Consistent with its general practice, Defendant contends, under oath, that it had no control or involvement in SST’s payroll, time management or workload policies or practices. ROA 182, Sternberg Decl., Ex. B. Indeed, the “Confirmation Agreement” between PEAK and SST expressly states that the employee will work "under your company's direction and supervisio and it further states "you acknowledge and confirm that our employee is and will be working under safe and healthy conditions at your facility solely under your company's direction and supervision and following your appropriate policies and procedures." ROA 182, Sternberg Decl., Ex. C, and ¶3, emphasis added.
Further, apart from boilerplate allegations about joint employers and agency, the operative ROA 15, First Amended Complaint (FAC) expressly alleges that SST (identified in the FAC as Palomar Technologies, but both sides appear to agree that the correct entity is SST) was responsible for the “establishment of, or ratification of, the illegal wage and hour practices or policies alleged herein." ROA 15, FAC, ¶4.

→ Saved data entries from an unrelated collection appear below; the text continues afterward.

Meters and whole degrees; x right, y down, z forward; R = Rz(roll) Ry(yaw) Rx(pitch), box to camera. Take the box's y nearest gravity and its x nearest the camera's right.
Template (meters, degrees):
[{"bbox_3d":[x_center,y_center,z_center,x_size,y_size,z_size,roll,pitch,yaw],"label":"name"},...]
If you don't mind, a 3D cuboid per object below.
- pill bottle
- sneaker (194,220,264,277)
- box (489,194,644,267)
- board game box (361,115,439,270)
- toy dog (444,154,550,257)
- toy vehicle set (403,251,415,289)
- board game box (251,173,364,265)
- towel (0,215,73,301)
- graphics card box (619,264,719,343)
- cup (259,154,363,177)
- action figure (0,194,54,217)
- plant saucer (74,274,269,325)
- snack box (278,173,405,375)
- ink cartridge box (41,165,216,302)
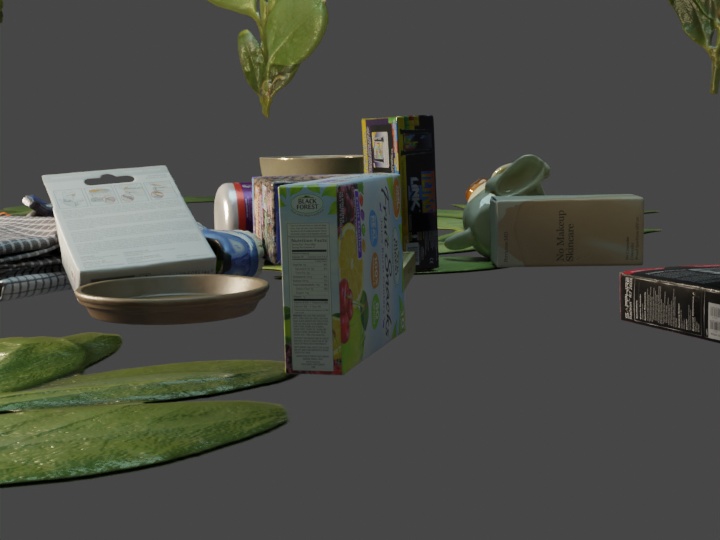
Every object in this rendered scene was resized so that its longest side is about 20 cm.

Here, Plaintiff was placed at SST and the allegations in his FAC are specific to SST. Since Plaintiff was only placed at SST, and not any of the other 300-plus downstream companies, and he has placed only SST’s policies and practices at issue, Plaintiff has not adequately demonstrated that discovery beyond SST is reasonably calculated to lead to the discovery of admissible evidence or relevant to the issues in this case.

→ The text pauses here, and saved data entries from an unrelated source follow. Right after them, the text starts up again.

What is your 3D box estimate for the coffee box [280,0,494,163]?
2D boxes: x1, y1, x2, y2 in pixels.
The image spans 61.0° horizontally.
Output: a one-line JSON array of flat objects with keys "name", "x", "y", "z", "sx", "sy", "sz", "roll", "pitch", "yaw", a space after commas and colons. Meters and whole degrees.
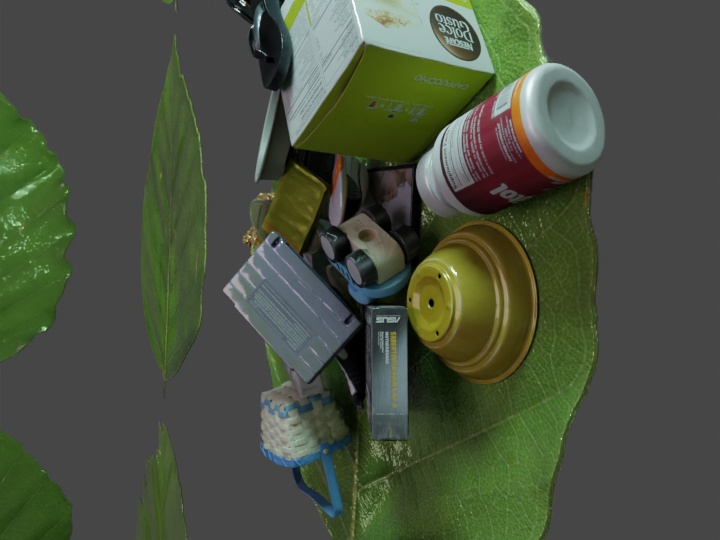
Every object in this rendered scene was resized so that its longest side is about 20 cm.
[{"name": "coffee box", "x": 0.019, "y": -0.284, "z": 0.793, "sx": 0.200, "sy": 0.196, "sz": 0.201, "roll": -40, "pitch": 57, "yaw": 51}]

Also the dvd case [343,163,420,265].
[{"name": "dvd case", "x": 0.028, "y": -0.087, "z": 0.951, "sx": 0.199, "sy": 0.017, "sz": 0.146, "roll": 9, "pitch": 98, "yaw": 59}]

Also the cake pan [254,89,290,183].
[{"name": "cake pan", "x": -0.129, "y": -0.234, "z": 0.968, "sx": 0.200, "sy": 0.036, "sz": 0.204, "roll": -168, "pitch": 90, "yaw": -76}]

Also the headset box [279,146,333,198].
[{"name": "headset box", "x": -0.090, "y": -0.208, "z": 1.037, "sx": 0.201, "sy": 0.073, "sz": 0.151, "roll": -111, "pitch": 32, "yaw": -65}]

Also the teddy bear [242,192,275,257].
[{"name": "teddy bear", "x": -0.203, "y": -0.062, "z": 1.289, "sx": 0.145, "sy": 0.066, "sz": 0.203, "roll": 48, "pitch": 130, "yaw": 45}]

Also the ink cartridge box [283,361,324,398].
[{"name": "ink cartridge box", "x": -0.114, "y": 0.101, "z": 1.038, "sx": 0.200, "sy": 0.044, "sz": 0.180, "roll": -162, "pitch": 60, "yaw": -75}]

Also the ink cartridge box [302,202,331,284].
[{"name": "ink cartridge box", "x": -0.095, "y": -0.033, "z": 1.130, "sx": 0.093, "sy": 0.044, "sz": 0.204, "roll": -15, "pitch": 77, "yaw": 56}]

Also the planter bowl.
[{"name": "planter bowl", "x": 0.113, "y": 0.039, "z": 0.746, "sx": 0.199, "sy": 0.082, "sz": 0.205, "roll": -2, "pitch": 88, "yaw": 59}]

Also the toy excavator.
[{"name": "toy excavator", "x": 0.000, "y": 0.000, "z": 0.910, "sx": 0.194, "sy": 0.099, "sz": 0.202, "roll": 43, "pitch": 153, "yaw": 39}]

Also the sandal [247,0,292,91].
[{"name": "sandal", "x": -0.133, "y": -0.323, "z": 0.816, "sx": 0.076, "sy": 0.042, "sz": 0.204, "roll": -45, "pitch": 51, "yaw": 49}]

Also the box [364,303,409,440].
[{"name": "box", "x": 0.033, "y": 0.127, "z": 0.828, "sx": 0.200, "sy": 0.047, "sz": 0.162, "roll": 120, "pitch": 149, "yaw": -87}]

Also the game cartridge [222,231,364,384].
[{"name": "game cartridge", "x": -0.104, "y": 0.056, "z": 0.923, "sx": 0.200, "sy": 0.038, "sz": 0.130, "roll": 45, "pitch": 102, "yaw": 13}]

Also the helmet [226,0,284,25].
[{"name": "helmet", "x": -0.114, "y": -0.485, "z": 1.027, "sx": 0.200, "sy": 0.188, "sz": 0.203, "roll": -155, "pitch": 90, "yaw": -85}]

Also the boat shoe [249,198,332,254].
[{"name": "boat shoe", "x": -0.114, "y": -0.077, "z": 1.062, "sx": 0.198, "sy": 0.068, "sz": 0.076, "roll": 27, "pitch": 118, "yaw": 37}]

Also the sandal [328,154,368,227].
[{"name": "sandal", "x": -0.015, "y": -0.146, "z": 0.956, "sx": 0.209, "sy": 0.058, "sz": 0.080, "roll": -92, "pitch": 15, "yaw": -49}]

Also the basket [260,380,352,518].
[{"name": "basket", "x": -0.089, "y": 0.296, "z": 1.032, "sx": 0.175, "sy": 0.137, "sz": 0.204, "roll": 3, "pitch": 102, "yaw": 59}]

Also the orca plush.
[{"name": "orca plush", "x": -0.015, "y": 0.113, "z": 0.951, "sx": 0.070, "sy": 0.104, "sz": 0.204, "roll": -18, "pitch": 81, "yaw": 38}]

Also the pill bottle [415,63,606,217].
[{"name": "pill bottle", "x": 0.150, "y": -0.125, "z": 0.658, "sx": 0.199, "sy": 0.111, "sz": 0.115, "roll": -22, "pitch": 71, "yaw": 58}]

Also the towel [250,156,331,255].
[{"name": "towel", "x": -0.117, "y": -0.076, "z": 0.985, "sx": 0.085, "sy": 0.018, "sz": 0.202, "roll": 35, "pitch": 125, "yaw": 9}]

As Defendant correctly argues, Williams v. Superior Court (2017) 3 Cal.5th 531 allowed statewide discovery precisely because the defendant’s policies were alleged to be uniform statewide and the employees worked for the same company. In contrast, in this case, the FAC’s allegations demonstrate that it is SST’s policies that are in issue and there is simply no evidence, not even speculative evidence, that those same policies exist at any other company at which Defendant placed employees. Under these circumstances it is not clear that Plaintiff is an appropriate aggrieved employee to represent all the other employees placed at other companies.
Based on the above, the Court DENIES, without prejudice, the Motions to Compel to the extent that they seek information regarding employees who were placed at companies other than SST, but GRANTS the Motions to the extent that the discovery seeks information about employees placed at SST. Defendant is ordered to provide verified supplemental responses within 15 days.
As Defendant notes, the Court has previously expressed that staged discovery would be appropriate to determine if there is some support for Plaintiff's arguments. To that end, the Court orders the parties to meet and confer within 30 days on a staged discovery plan aimed at properly investigating whether Defendant in any manner set or dictated practices or policies for SST or any other downstream company such that there should be further discovery of its practices and policies directed at or implement at any other downstream company.
The Court DENIES the request for monetary sanctions as Defendant’s position is substantially justified and the imposition of sanctions would be unjust.
Plaintiff is ordered to give notice.